Anuradha Productions’ Chowk (Marathi; UA) is a story about politics, politicians and their workers. It exposes how politicians are all the same — they use people to progress in life, and then discard them like dirt.
Sunny Shinde (Kiran Gaikwad) helps Anna (Pravin Tarde) in winning elections to the corporator’s post, but Anna doesn’t so much as even help Sunny be released from prison. Sunny had murdered the brother (Akshay Tanksale) of the then corporator, Tiger (Upendra Limaye). However, Sunny’s friend, Adhyaksh (Shubhankar Ekbote), takes the blame for the murder committed by Sunny. Ultimately, Sunny murders the person who had killed Adhyaksh. It is for this second murder that Sunny has to serve time in jail. And Adhyaksh had been murdered when Anna surreptitiously joined forces with Tiger to serve his own political ambitions.
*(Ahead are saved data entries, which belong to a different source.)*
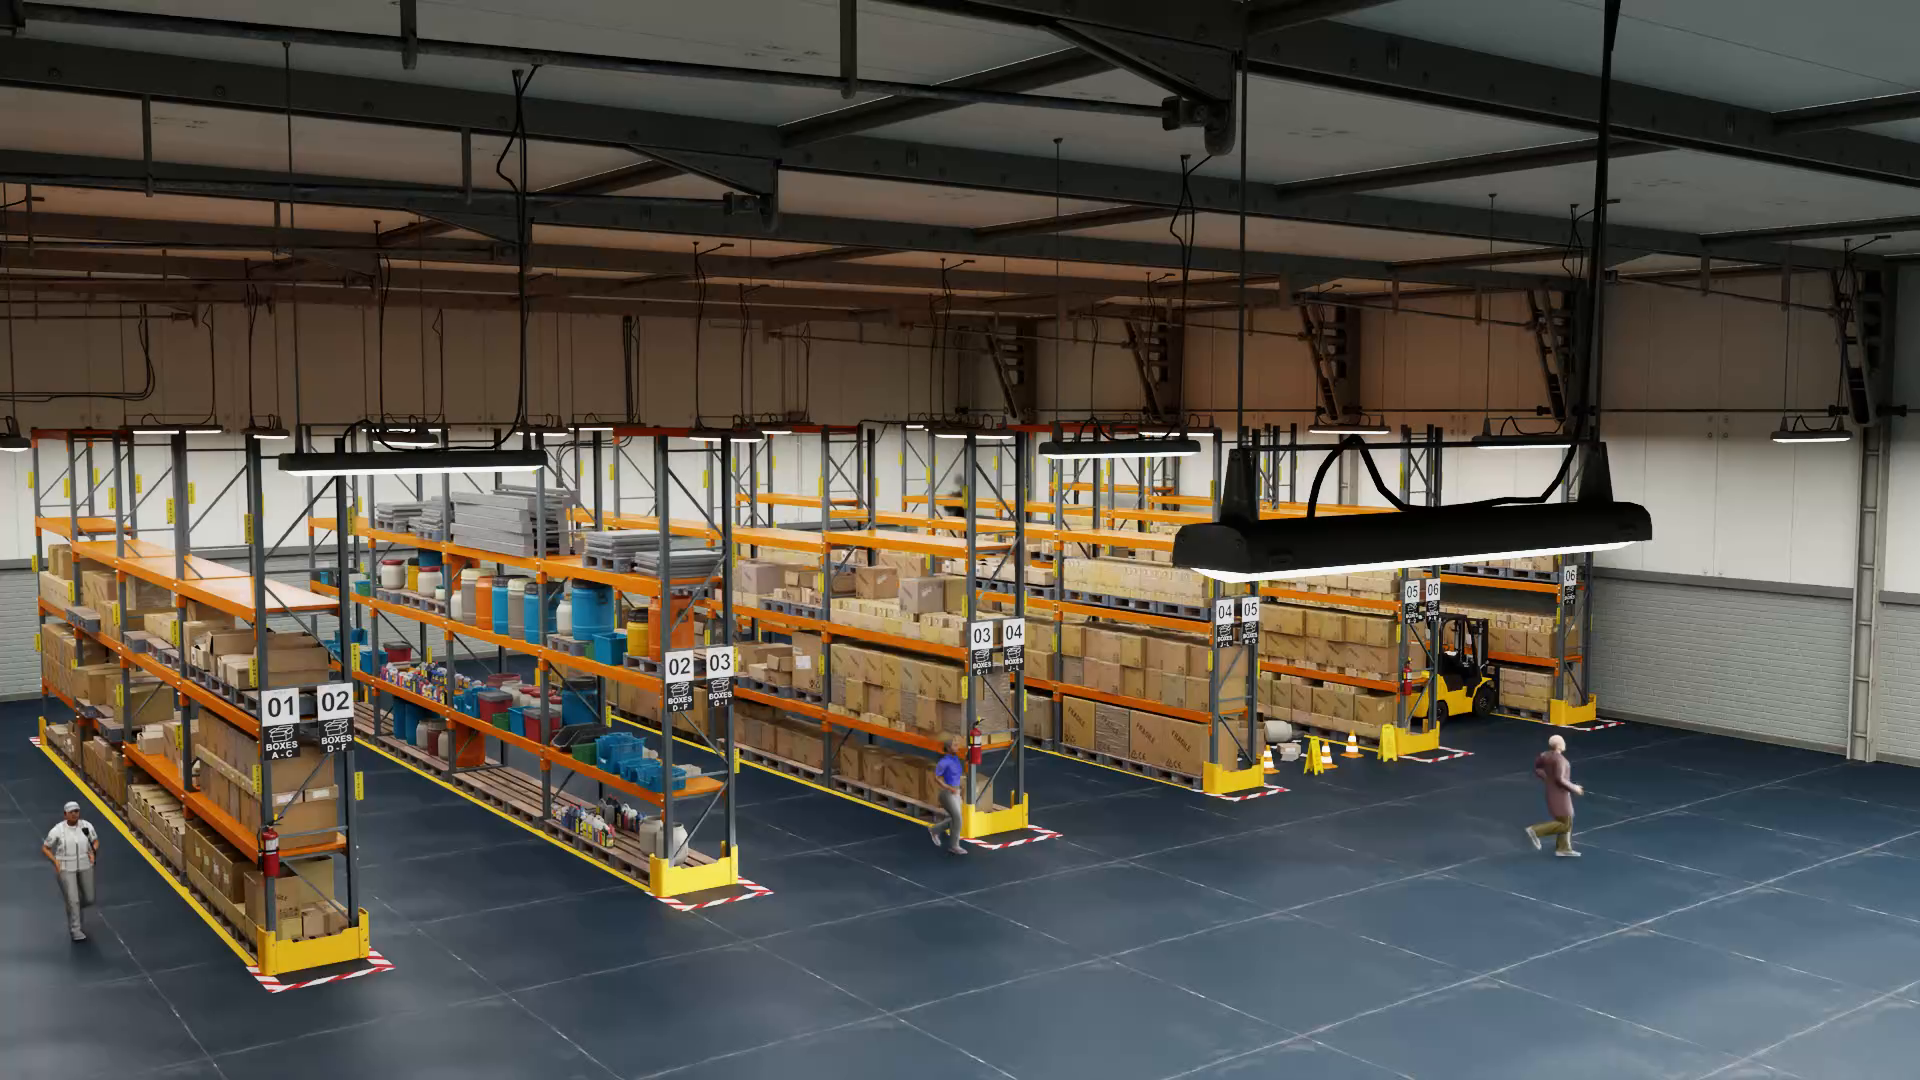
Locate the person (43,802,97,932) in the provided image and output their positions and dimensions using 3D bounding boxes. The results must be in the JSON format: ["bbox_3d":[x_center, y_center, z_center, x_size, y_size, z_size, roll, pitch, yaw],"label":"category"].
[{"bbox_3d":[-10.674,3.917,20.008,0.584,1.558,0.588,-4,6,-43],"label":"person"}]

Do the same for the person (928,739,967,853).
[{"bbox_3d":[-0.174,3.672,23.892,0.641,1.637,0.594,2,5,24],"label":"person"}]

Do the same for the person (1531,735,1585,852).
[{"bbox_3d":[8.383,3.582,23.482,0.702,1.671,0.716,0,4,-3],"label":"person"}]
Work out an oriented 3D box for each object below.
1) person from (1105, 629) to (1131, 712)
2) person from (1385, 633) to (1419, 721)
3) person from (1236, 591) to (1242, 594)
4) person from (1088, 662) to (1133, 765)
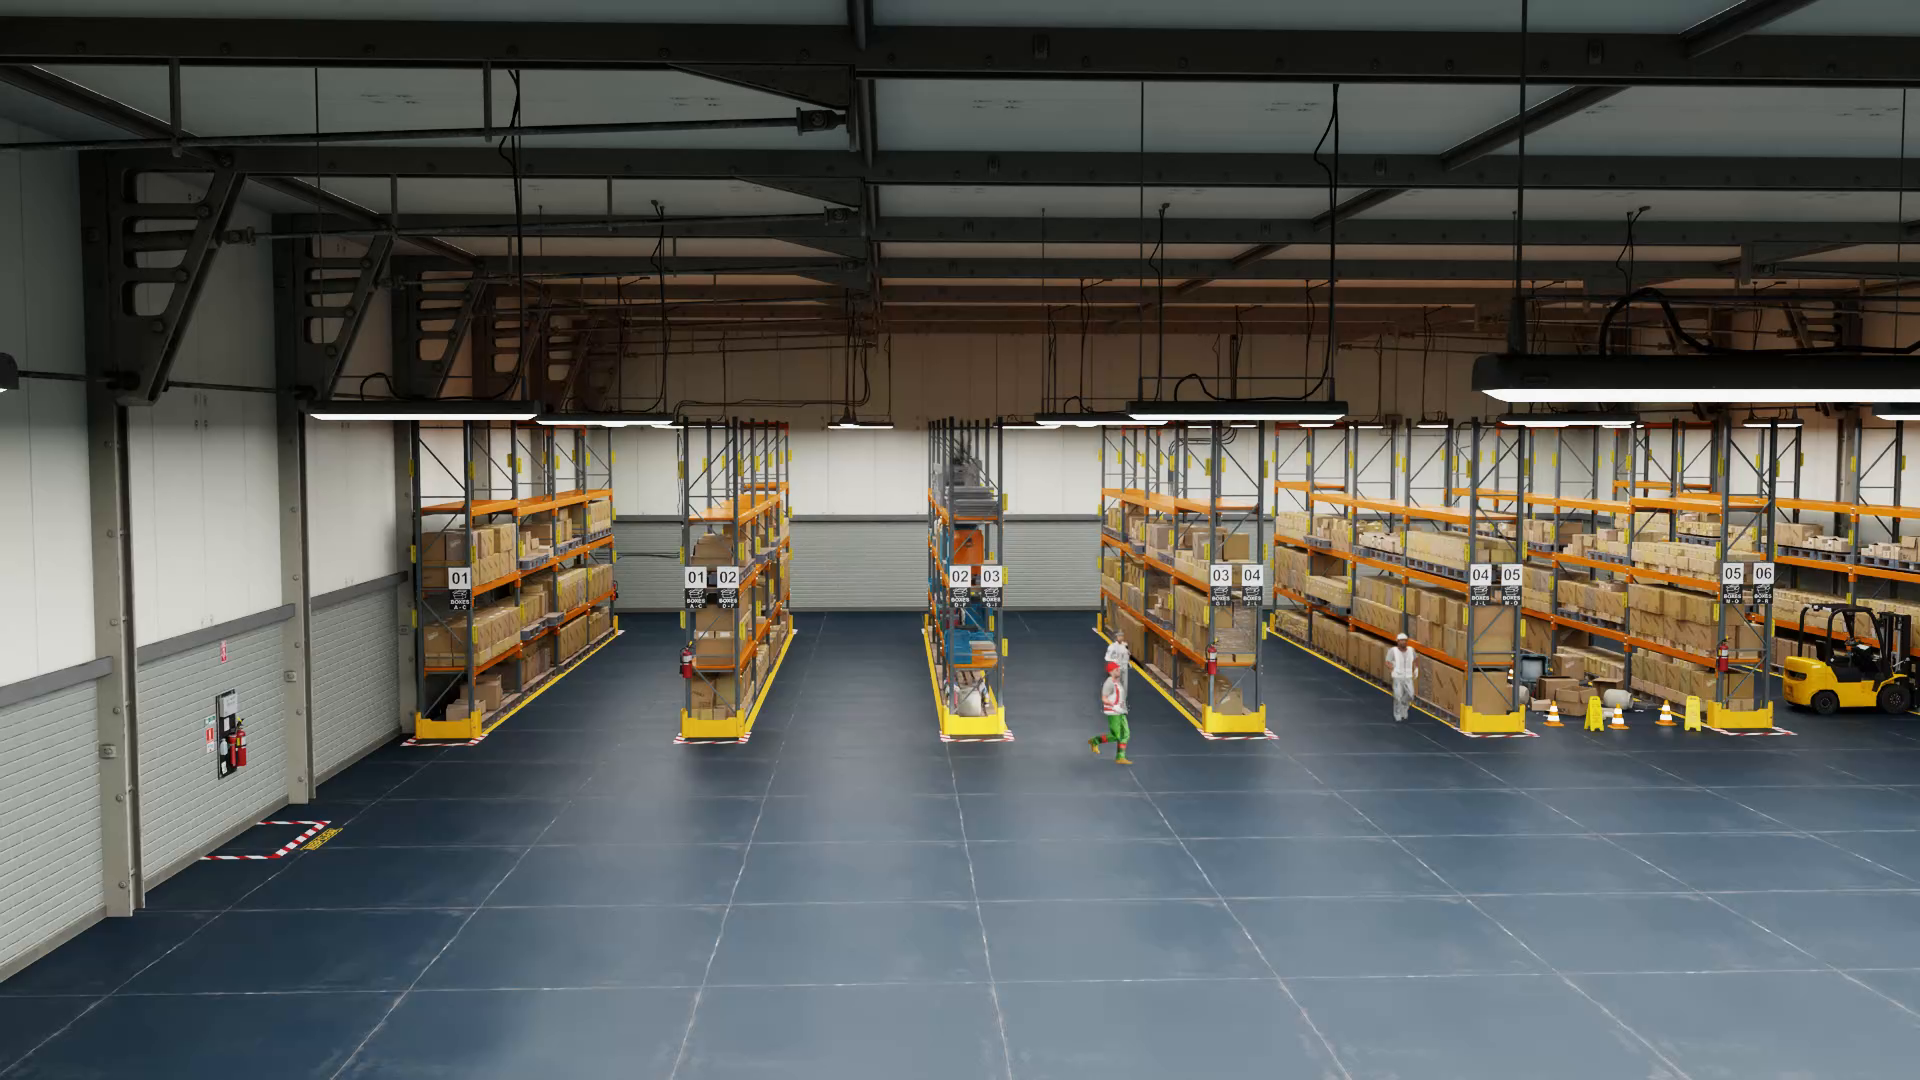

Devendra Arun Gaikwad’s story is average because it doesn’t convey anything new. Everyone is aware that politics is a dirty game and that politicians can go to any length to achieve their goals. His screenplay is ordinary and, like the story, doesn’t offer any novelty. The twists and turns are plenty but most of them are so predictable that the drama never really rises above the ordinary level. Gaikwad’s dialogues are okay.
Kiran Gaikwad does very well as Sunny Shinde. Pravin Tarde performs ably in the role of Anna. Upendra Limaye acts ably as Tiger. Ramesh Pardeshi is okay as police inspector Mule. Sanskruti Balgude does a fair job as Kat. Shubhankar Ekbote does a fine job as Adhyaksh. Snehal Tarde lends good support as Mona, wife of Adhyaksh. Akshay Tanksale is okay as Balya, brother of Tiger. Anjali Joglekar (as Sunny’s mother), Sunil Abhyankar (as Sunny’s father), Sagar Pable (as Kat’s brother), Sandeep Juwatkar (as Naresh Chavan), Devendra Arun Gaikwad (as Ex) and Suresh Vishwakarma (as the jailor) pass muster.
Devendra Arun Gaikwad’s direction is quite nice. Onkarswaroop’s music is alright and so are the lyrics (Dr. Vinayak Pawar and Suhas Munde). Umesh Jadhav’s choreography is hardly eye-filling. Sai-Piyush’s background music is effective. Mayur Hardas’ camerawork is okay. Pradyumna Kumar Swain’s action is realistic. Nitin Borkar’s art direction is alright. Mayur Hardas’ editing is quite good.
On the whole, Chowk is an average fare. It will do a bit better in Pune because it has been shot there.
Released on 2-6-’23 at Glamour (daily 1 show) and other cinemas of Bombay thru Panorama Studios. Publicity: fair. Opening: so-so.